A big value proposition for TCP, said Marks, is that it’s well-understood, and although it does have some overreactions to congestion, a properly architected, small network shouldn’t have little to no congestion. But because TCP overreacts to congestion, it doesn’t fail; it just slows down. He said that NVMe over TCP is still substantially ahead of SCSI in terms of latency while still behind RDMA, which is likely to be the choice for high-performance computing.
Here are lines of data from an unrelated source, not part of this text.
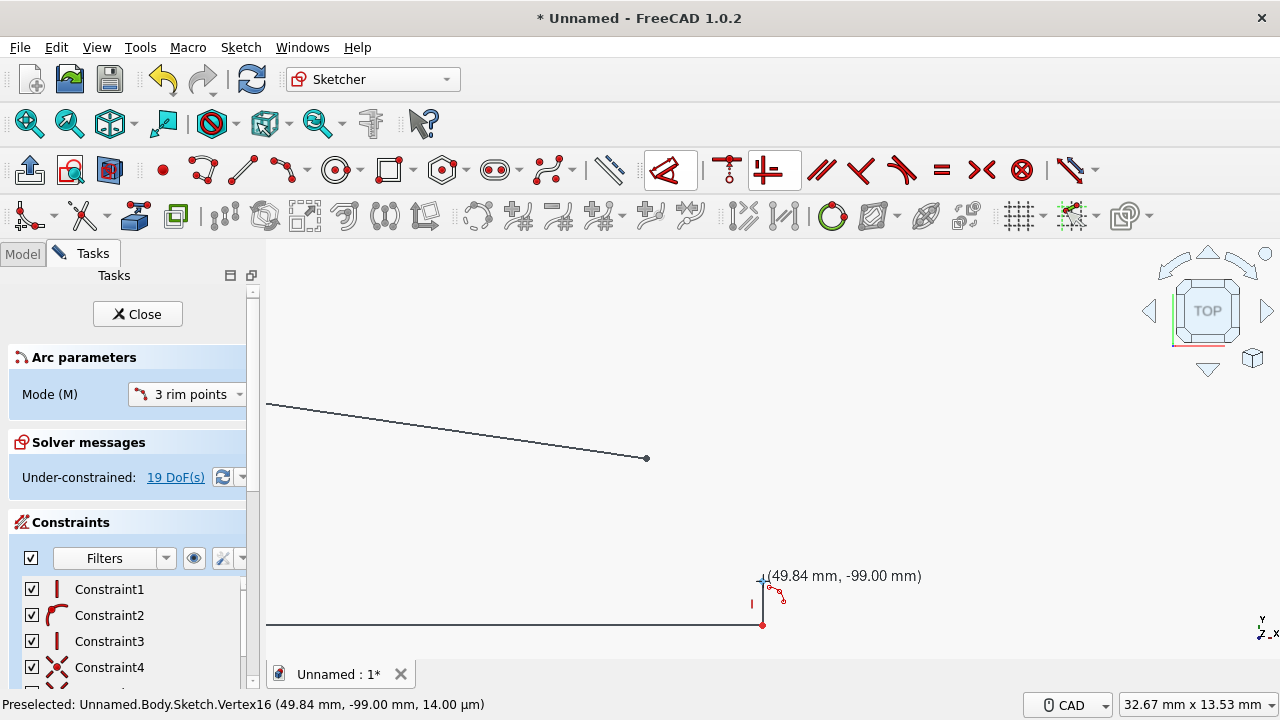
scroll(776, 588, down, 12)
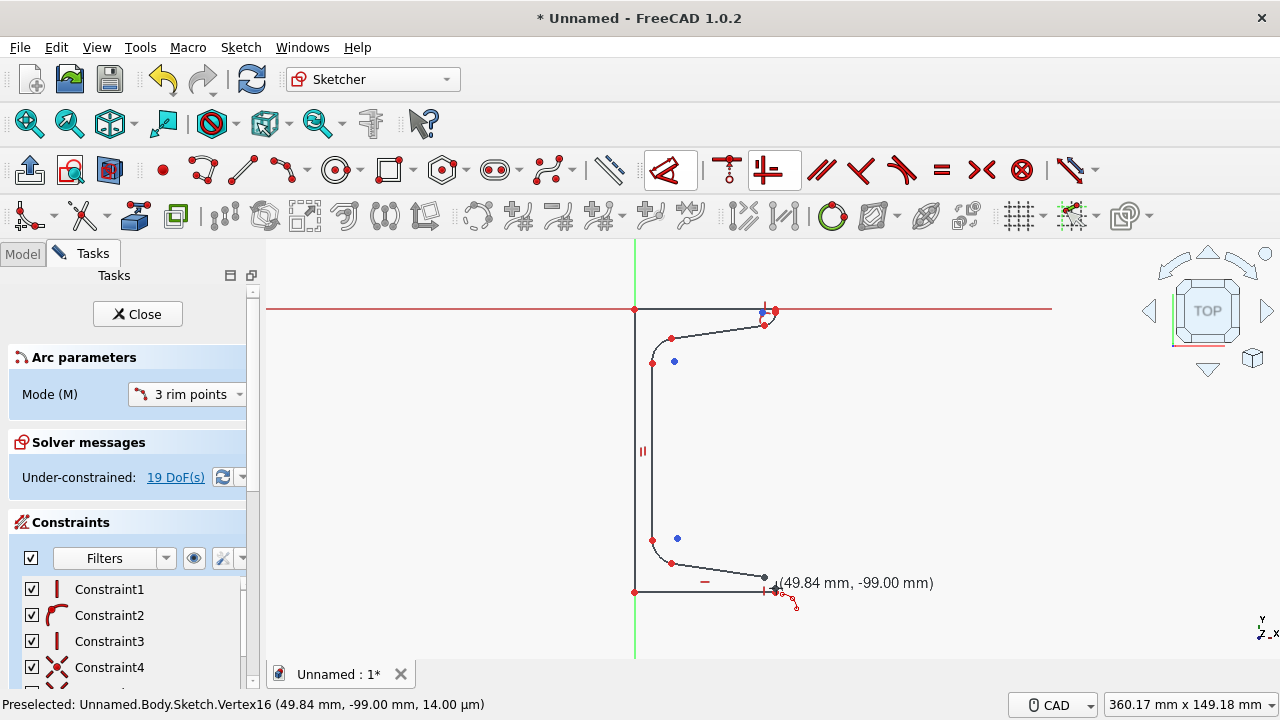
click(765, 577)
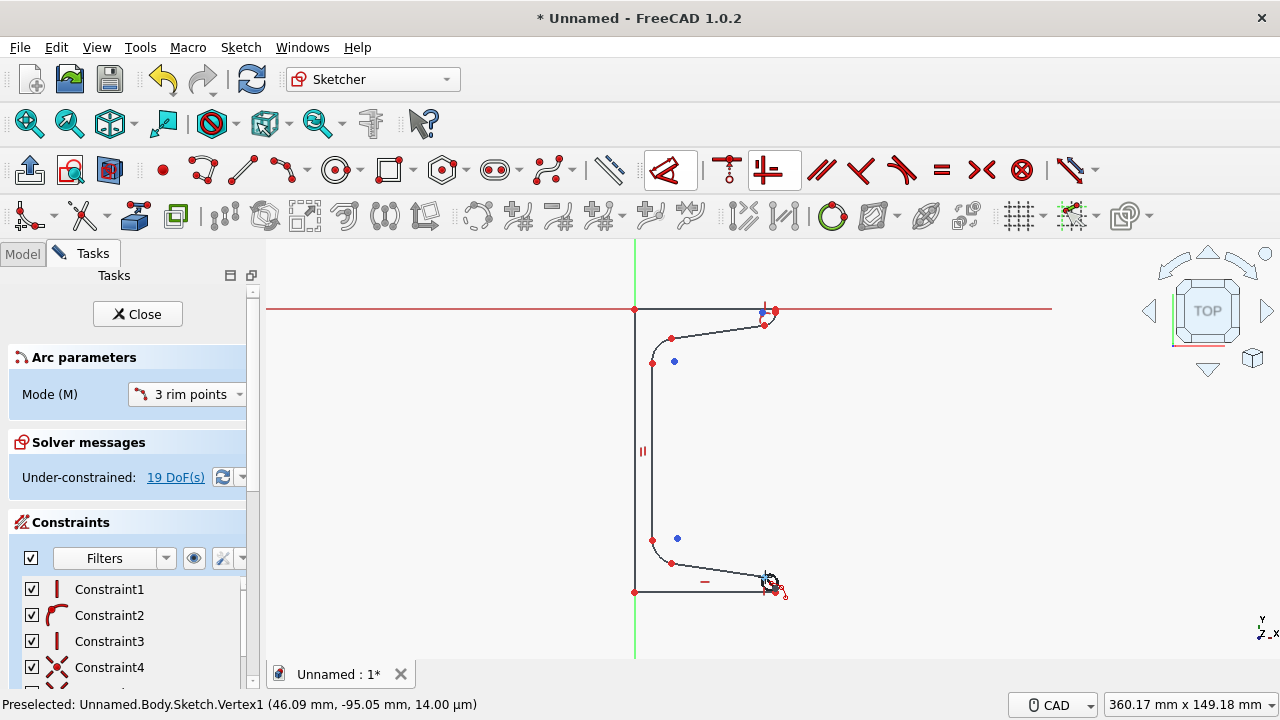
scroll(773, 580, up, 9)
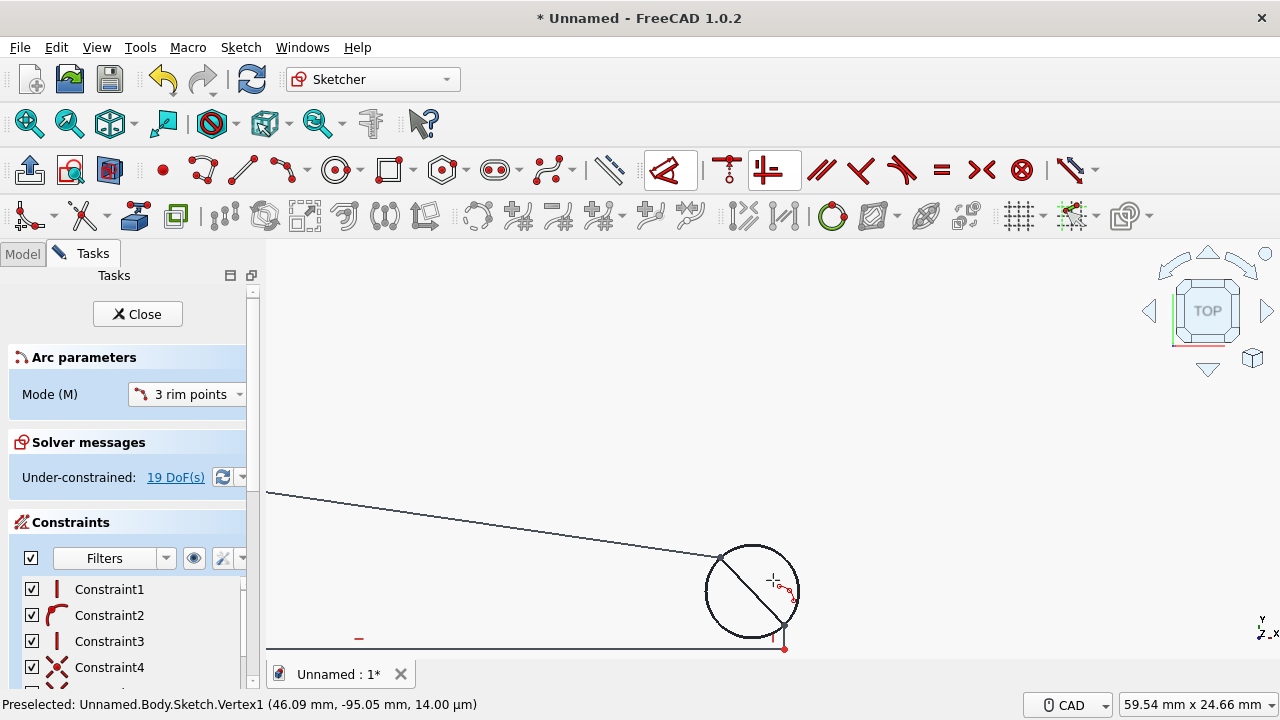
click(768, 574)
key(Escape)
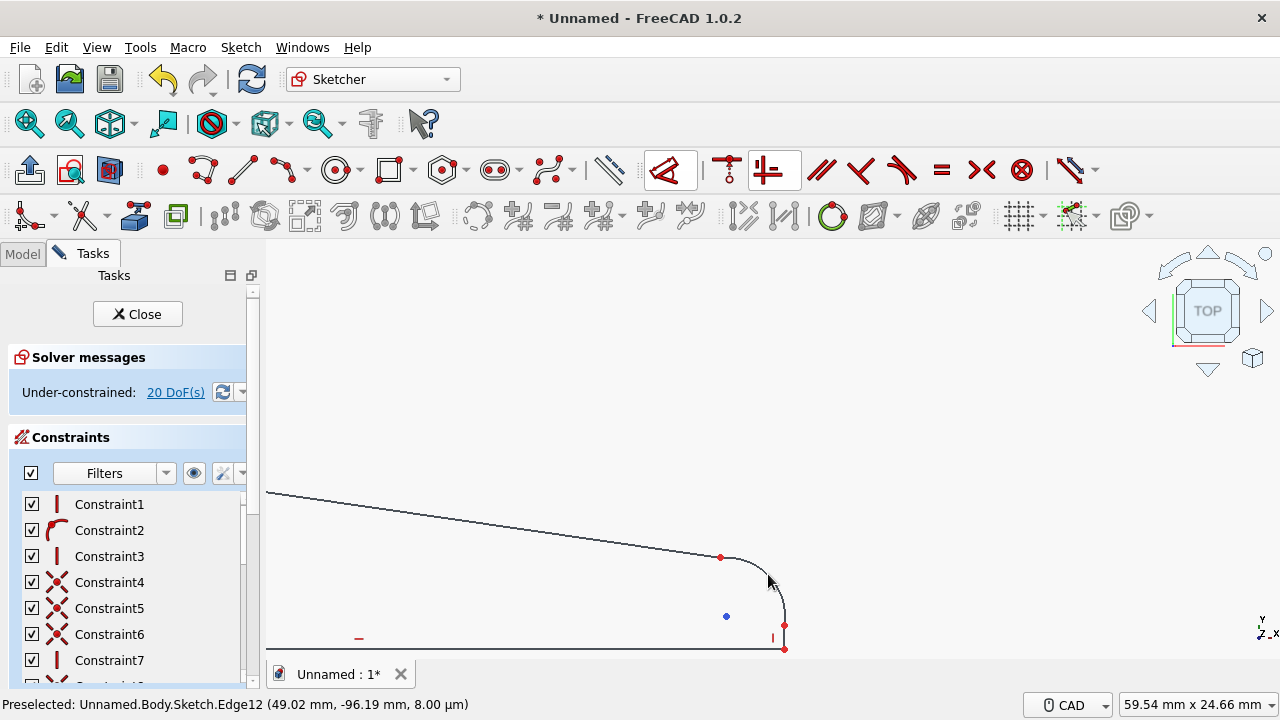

Enterprises are likely to start with Fiber Channel, but TCP will replace RDMA if the problem is addressing volume and scaling up, not specific, ultra-high-performance problems.
“NVMe over Fabric has many advantages beyond latency,” added Marks, including composability and higher performance by having greater parallelism. “You get more hops with the same latency, and that’s true regardless of what the transport is.”
For now, however, the fabrics market today is small. “We’re just barely at fabrics being ready for corporate use," Marks said. "There’s still a lot of management of the fabric pieces that are proprietary to each vendor you deal with. There’s still standardizing multi-pathing pieces that the committee has to do.”
This time next year, said Marks, it will likely break down with Fiber Channel taking 50% of the market, RDMA 30%, and TCP 20%. “Two years from now, TCP will be a much bigger slice,” he said.
— Gary Hilson is a general contributing editor with a focus on memory and flash technologies for EE Times.